The standard S5 app does have optimizations, and will not gain a lot with processor specific optimizations, but should get some gain.
This is a direct quote from Akos:
I hope you know that SSE3 optimization doesn't mean a big performance improvement (cca. +5%).
It seems that a lot of people
)
It seems that a lot of people here have fallen for the Intel propaganda of "higher GHz = faster computations for everything". This has not been true for more than 5-6 years.
AMD cpu's have been much more efficient in work done per cycle for a long time. It seems to me that with longer work units this is simply more obvious. Admittedly, there are likely more contributers to this that I know about. But what might have been an extra 5 minutes before now may become and extra 50 or more minutes (as an example) due to the longer work units.
I guess we'll see soon how this changes with the Conroe core.
Bottom line is that Intel is seldom the better value when it comes to work done per cycle - they just advertise more effectively.
Those who don’t build must burn.
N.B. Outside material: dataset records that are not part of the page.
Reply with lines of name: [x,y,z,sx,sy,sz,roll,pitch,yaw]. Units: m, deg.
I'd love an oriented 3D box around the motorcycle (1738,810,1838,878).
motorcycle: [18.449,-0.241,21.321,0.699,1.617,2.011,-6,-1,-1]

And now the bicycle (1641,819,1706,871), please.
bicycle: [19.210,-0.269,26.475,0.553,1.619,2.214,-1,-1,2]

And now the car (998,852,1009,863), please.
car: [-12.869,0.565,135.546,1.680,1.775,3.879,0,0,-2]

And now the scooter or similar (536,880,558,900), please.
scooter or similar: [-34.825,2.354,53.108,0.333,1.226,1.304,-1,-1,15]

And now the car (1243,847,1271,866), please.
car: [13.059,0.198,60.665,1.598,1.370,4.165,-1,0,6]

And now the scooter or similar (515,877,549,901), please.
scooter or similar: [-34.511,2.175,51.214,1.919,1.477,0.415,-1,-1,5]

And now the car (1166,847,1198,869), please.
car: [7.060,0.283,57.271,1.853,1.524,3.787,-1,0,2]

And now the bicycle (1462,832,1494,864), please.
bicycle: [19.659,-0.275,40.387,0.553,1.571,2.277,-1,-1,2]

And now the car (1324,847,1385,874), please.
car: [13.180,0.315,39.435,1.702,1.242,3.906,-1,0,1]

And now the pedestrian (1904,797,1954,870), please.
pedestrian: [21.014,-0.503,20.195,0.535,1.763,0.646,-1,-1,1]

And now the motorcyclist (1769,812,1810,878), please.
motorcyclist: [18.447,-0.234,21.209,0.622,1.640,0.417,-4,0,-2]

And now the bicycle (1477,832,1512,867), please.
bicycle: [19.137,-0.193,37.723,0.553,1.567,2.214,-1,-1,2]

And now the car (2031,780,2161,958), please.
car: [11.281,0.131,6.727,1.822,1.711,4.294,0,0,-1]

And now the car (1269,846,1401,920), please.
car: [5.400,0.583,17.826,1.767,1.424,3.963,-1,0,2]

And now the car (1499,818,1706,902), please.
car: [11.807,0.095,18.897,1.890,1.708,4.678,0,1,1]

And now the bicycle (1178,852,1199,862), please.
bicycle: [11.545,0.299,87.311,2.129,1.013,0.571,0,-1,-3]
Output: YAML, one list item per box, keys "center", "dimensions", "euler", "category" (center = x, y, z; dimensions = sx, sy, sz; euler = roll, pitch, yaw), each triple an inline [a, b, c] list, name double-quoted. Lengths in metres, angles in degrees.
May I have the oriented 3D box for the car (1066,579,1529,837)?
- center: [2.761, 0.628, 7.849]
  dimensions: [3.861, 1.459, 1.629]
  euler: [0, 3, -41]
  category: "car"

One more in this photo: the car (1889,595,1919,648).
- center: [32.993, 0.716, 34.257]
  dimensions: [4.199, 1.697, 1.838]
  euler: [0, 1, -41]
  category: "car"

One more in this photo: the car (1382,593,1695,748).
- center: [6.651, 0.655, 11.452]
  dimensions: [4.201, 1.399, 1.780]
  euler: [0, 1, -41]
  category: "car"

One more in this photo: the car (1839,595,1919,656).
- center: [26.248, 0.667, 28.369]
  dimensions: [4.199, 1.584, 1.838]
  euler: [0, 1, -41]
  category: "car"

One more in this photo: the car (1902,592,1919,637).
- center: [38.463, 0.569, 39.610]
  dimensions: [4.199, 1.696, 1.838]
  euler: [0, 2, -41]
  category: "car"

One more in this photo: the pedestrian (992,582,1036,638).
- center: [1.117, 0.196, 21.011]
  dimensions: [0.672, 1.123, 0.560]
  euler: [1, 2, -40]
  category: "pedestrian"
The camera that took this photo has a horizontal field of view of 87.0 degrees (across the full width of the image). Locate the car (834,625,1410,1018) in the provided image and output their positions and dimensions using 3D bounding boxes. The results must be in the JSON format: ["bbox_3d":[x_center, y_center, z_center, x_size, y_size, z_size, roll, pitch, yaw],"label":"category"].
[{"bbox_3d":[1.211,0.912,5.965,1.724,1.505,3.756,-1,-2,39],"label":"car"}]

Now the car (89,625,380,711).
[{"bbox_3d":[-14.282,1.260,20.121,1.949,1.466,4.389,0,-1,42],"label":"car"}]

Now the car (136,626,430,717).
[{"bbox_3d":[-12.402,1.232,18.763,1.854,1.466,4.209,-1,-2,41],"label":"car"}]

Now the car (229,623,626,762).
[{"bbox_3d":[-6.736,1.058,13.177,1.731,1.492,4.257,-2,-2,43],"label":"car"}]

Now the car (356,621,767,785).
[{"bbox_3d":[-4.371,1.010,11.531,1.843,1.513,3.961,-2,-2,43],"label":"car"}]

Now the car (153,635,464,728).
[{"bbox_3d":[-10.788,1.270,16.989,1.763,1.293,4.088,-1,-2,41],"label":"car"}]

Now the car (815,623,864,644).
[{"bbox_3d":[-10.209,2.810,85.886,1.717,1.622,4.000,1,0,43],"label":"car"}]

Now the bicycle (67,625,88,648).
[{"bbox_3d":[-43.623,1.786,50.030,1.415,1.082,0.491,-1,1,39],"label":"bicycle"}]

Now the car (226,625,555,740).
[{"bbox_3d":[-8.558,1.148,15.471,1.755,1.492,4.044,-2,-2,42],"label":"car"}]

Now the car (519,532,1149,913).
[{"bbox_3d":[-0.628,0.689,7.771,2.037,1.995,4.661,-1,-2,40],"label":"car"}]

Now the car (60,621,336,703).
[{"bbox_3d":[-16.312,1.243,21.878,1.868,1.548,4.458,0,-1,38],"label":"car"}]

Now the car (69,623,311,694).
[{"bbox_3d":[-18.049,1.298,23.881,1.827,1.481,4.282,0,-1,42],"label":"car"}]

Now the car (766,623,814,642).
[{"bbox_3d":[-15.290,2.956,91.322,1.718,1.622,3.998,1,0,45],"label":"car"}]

It’s as old as history and juvenile delinquents.
Ray Bradbury - Fahrenheit 451
Ive done 19 short work units
)
Ive done 19 short work units with a pentium 4 3.0ghz system with ht off.
Averaging at 4860 seconds claiming and recieving 19.5 credits each time.
Ive swithced to HT on and now average 7400 seconds based on a sample of 4 claiming 19.5 credits each time.
4860*2 = 9720 while with HT 7400.
(9720-7400)/9720= 0.239
So im getting a 23.9% improvemnt in crunch times using HT.
i have no problem with the
)
i have no problem with the longer work units.
s4 long std app - 4h 20m
s4 long Akos app - 45m
s4 short Akos app - 07m
s5 short std app - 1h 10m
s5 long std app - 10h 05m
so i think some of you have your figures wrong.
if you work that out it comes to about 2.3 x as long comparing std app to std app on the long units.
98SE XP2500+ @ 2.1 GHz Boinc v5.8.8
RE: so i think some of you
)
Mine never took more than 2=1/2hours on the standards app. Usually where done in 1:50hours. Opti app got it down to 35-45min. New apps taking almost 12/+hours
what was wrong with the idea of just increasing the unit length to the old (standard app) length? Use all those new implimentations and just make the units a bit longer to meet the usual unit length? as you said took you about 4 hours wich was a decent time. Instead they've gone and put the optimizasions in and doubled or more again over that length?
The ratio of the completion
)
The ratio of the completion times for the SR4 WUs Opty vs G5 4:1 should remain the same for the SR5 WUs provided similar optimizations where applied to both apps. Granted the SR4-G5 times are for the standard app but the 4.67 PPC optimization did not result in much of a gain for the G5(25%-28%) so the ratio might be 3:1.
Instead the G5s are now faster than Opty.